> DATA SEGMENT:
───
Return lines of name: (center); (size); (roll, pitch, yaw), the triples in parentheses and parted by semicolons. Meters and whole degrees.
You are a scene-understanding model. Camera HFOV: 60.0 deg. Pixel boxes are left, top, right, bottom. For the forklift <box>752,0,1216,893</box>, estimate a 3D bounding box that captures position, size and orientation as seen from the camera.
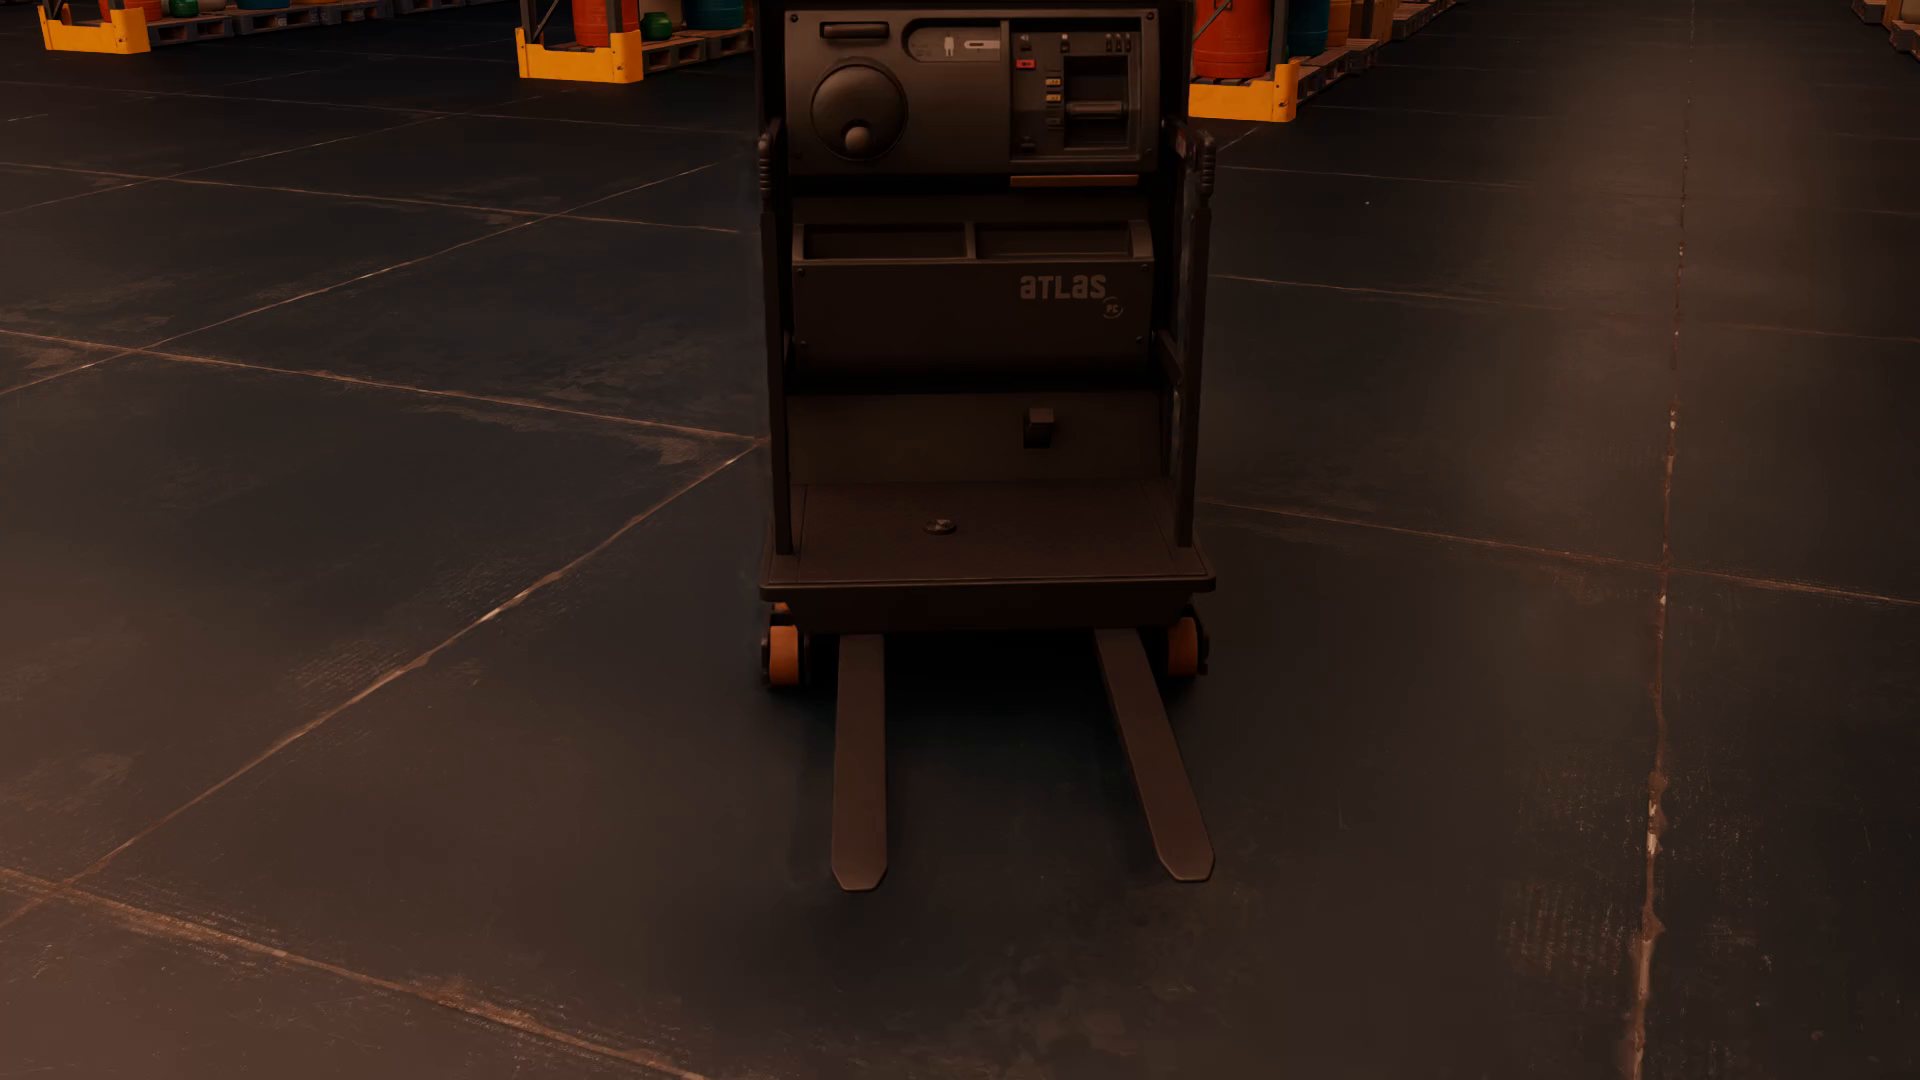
forklift: (0.046, -1.104, 3.934); (1.130, 2.935, 3.031); (-1, 23, -3)
───
> EXERCISE AIM: Starting with the line that contains "You are a scene-understanding", give the lines again exactly as they appear through the last line of the data, pictures excluded.

> ANSWER SPACE:
You are a scene-understanding model. Camera HFOV: 60.0 deg. Pixel boxes are left, top, right, bottom. For the forklift <box>752,0,1216,893</box>, estimate a 3D bounding box that captures position, size and orientation as seen from the camera.
forklift: (0.046, -1.104, 3.934); (1.130, 2.935, 3.031); (-1, 23, -3)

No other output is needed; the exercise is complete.